**Source material**

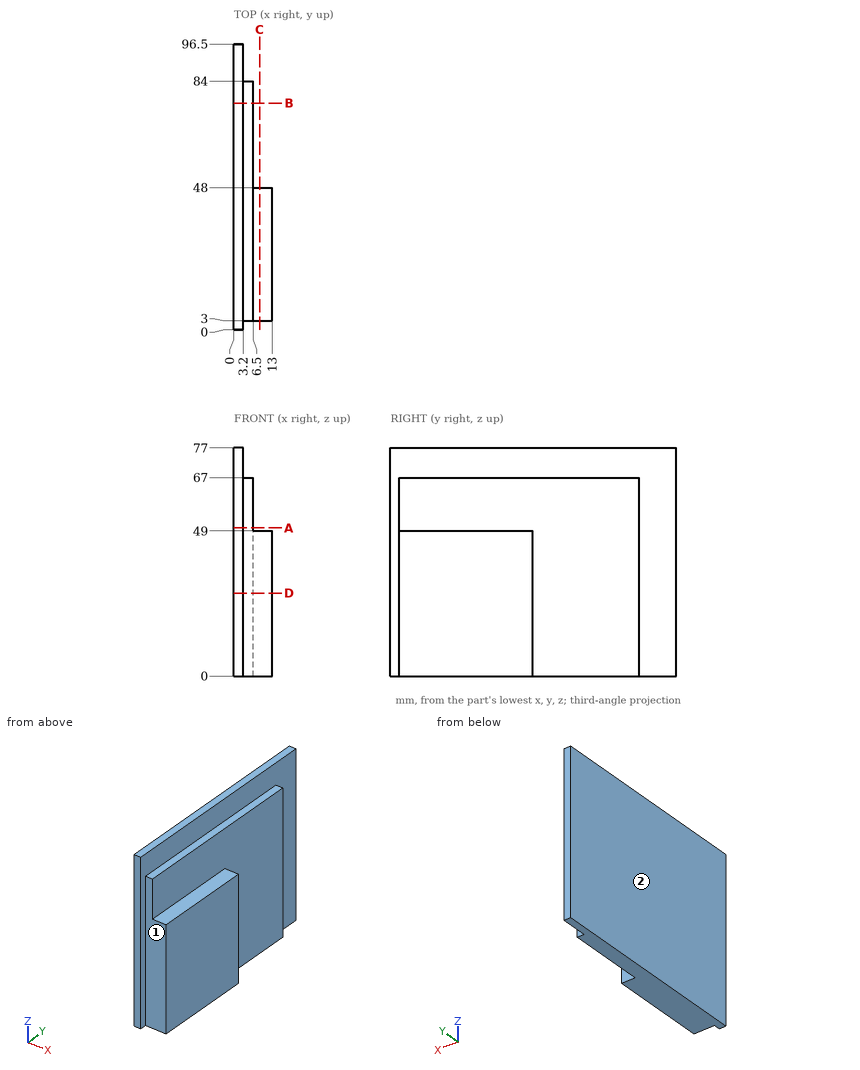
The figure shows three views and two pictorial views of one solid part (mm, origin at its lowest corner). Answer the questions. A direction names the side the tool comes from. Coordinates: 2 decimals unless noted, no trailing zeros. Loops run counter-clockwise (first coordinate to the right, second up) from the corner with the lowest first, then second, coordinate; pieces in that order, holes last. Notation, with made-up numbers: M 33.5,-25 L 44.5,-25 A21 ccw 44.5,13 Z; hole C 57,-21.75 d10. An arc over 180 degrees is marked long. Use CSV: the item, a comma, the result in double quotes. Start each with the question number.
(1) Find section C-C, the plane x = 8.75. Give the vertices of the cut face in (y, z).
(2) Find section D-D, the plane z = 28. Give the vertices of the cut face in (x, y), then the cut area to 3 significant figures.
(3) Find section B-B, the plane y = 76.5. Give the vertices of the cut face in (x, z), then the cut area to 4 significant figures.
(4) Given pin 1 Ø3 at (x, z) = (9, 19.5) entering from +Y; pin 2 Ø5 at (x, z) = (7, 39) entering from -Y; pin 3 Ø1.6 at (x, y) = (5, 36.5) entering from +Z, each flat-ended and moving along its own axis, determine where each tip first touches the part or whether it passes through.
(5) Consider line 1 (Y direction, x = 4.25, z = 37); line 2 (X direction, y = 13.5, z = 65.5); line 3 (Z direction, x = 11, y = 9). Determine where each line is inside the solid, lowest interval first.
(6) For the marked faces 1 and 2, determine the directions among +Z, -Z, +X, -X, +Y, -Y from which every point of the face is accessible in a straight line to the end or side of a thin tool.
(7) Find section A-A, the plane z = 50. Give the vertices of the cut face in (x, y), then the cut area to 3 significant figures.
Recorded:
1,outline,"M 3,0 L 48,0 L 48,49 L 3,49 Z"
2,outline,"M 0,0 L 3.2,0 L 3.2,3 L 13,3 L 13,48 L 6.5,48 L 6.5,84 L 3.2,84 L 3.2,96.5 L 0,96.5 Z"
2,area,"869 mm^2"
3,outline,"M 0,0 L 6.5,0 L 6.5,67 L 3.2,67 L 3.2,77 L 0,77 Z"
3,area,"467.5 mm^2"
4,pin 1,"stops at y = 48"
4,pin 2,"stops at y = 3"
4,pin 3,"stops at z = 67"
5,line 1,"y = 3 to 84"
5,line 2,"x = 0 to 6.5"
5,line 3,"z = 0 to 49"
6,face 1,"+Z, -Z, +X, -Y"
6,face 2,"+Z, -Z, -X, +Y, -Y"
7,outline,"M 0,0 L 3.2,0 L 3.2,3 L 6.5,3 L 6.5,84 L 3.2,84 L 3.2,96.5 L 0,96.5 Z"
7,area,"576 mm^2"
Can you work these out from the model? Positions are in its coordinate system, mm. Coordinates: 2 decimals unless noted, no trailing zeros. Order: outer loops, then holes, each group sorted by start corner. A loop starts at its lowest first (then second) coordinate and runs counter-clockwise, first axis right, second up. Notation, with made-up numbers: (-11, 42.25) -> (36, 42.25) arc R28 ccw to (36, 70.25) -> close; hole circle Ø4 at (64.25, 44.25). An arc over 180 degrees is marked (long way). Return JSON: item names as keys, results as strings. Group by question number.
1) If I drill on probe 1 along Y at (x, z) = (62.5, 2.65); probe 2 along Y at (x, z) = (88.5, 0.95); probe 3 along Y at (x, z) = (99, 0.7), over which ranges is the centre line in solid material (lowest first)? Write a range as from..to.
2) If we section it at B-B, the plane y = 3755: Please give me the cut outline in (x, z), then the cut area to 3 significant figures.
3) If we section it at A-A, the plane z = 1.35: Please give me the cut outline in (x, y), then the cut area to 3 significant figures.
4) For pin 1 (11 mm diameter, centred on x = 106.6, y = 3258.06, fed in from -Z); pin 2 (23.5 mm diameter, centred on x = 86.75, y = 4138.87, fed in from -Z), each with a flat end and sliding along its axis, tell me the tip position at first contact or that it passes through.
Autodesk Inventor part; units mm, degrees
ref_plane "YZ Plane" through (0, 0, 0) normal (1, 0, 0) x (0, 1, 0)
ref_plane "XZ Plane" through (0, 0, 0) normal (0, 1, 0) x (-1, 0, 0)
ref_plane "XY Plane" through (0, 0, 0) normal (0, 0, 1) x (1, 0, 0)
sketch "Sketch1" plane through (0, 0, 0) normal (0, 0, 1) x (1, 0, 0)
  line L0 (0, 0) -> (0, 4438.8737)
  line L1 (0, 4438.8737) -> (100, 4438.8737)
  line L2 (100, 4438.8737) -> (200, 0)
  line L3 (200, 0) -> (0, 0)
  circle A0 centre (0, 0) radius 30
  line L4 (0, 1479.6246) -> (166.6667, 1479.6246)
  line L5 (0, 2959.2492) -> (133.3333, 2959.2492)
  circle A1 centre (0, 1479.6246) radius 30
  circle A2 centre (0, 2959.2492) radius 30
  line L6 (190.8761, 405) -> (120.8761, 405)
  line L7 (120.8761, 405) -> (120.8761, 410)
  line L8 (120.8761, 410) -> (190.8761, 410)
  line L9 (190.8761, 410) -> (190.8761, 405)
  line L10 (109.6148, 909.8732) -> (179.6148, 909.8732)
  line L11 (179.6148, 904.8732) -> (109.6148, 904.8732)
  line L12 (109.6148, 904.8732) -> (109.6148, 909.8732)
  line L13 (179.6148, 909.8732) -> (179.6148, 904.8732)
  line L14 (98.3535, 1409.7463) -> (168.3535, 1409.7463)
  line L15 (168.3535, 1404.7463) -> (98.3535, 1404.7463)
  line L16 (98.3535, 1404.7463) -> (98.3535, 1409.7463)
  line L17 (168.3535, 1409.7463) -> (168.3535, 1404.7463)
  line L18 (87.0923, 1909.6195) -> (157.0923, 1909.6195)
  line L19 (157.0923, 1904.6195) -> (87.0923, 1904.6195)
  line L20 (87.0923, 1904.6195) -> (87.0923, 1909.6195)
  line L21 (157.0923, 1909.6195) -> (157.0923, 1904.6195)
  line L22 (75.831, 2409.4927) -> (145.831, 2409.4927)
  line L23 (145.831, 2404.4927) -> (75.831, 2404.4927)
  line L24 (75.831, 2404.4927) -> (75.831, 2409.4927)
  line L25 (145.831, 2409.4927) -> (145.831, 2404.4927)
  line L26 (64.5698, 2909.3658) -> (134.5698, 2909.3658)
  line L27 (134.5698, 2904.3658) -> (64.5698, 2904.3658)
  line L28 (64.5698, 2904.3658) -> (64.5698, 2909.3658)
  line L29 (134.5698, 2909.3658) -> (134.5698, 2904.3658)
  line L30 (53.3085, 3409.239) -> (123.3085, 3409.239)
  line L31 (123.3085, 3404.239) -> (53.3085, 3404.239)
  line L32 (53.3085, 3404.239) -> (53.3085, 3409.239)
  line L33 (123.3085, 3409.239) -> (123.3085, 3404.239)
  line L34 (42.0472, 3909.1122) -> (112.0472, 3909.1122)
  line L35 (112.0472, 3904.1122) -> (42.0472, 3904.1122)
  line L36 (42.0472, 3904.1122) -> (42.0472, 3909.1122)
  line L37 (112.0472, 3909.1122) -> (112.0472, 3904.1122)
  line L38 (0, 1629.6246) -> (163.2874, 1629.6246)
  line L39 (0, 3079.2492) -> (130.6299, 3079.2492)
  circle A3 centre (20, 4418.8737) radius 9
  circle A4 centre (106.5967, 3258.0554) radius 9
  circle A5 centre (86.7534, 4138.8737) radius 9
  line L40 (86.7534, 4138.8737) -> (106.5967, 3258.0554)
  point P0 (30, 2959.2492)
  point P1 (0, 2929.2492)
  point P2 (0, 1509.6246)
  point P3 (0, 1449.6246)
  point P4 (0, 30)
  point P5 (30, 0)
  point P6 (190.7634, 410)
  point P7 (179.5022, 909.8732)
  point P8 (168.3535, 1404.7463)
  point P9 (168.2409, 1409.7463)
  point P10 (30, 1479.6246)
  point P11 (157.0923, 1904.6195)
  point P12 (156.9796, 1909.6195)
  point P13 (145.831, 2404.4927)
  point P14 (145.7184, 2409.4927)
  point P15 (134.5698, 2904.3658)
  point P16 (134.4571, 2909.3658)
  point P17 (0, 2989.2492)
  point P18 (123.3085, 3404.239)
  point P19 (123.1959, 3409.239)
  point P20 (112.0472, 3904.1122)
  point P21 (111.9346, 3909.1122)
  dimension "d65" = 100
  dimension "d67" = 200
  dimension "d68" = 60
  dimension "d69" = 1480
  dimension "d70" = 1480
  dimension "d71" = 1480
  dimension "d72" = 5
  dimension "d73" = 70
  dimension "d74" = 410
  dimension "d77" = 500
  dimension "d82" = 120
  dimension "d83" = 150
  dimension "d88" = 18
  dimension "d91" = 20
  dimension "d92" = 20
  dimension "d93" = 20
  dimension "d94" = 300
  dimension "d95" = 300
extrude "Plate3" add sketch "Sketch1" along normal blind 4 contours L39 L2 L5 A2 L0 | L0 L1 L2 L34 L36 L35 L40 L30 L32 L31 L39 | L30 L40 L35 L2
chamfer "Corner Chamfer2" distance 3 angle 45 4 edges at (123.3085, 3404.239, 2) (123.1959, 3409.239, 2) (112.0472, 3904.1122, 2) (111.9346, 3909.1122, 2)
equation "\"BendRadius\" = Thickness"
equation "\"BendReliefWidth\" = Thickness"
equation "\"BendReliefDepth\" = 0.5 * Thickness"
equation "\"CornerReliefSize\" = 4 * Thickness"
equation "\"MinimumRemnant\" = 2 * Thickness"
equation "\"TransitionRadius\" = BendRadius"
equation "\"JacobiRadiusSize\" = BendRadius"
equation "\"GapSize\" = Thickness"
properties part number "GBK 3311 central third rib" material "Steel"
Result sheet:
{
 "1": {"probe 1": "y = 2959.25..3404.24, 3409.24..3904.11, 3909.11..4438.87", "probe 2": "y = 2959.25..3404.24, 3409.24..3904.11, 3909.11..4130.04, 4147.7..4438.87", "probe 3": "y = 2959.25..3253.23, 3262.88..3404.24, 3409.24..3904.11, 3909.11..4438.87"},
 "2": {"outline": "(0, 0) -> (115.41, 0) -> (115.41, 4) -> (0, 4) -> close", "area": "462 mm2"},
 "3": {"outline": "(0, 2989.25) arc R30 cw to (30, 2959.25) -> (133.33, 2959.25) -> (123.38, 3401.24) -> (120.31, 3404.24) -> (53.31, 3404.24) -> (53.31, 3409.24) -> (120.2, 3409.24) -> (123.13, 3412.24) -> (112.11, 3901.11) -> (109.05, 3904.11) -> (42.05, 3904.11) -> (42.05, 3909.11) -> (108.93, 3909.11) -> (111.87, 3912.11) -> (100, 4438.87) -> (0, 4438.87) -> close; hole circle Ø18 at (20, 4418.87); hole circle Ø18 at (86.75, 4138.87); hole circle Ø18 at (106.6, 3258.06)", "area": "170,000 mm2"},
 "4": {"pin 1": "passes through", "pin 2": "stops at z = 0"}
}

**Work to be completed**
Whenever a line of the entries contains the string "probe", copy that line.

**Written solution**
1) If I drill on probe 1 along Y at (x, z) = (62.5, 2.65); probe 2 along Y at (x, z) = (88.5, 0.95); probe 3 along Y at (x, z) = (99, 0.7), over which ranges is the centre line in solid material (lowest first)? Write a range as from..to.
 "1": {"probe 1": "y = 2959.25..3404.24, 3409.24..3904.11, 3909.11..4438.87", "probe 2": "y = 2959.25..3404.24, 3409.24..3904.11, 3909.11..4130.04, 4147.7..4438.87", "probe 3": "y = 2959.25..3253.23, 3262.88..3404.24, 3409.24..3904.11, 3909.11..4438.87"},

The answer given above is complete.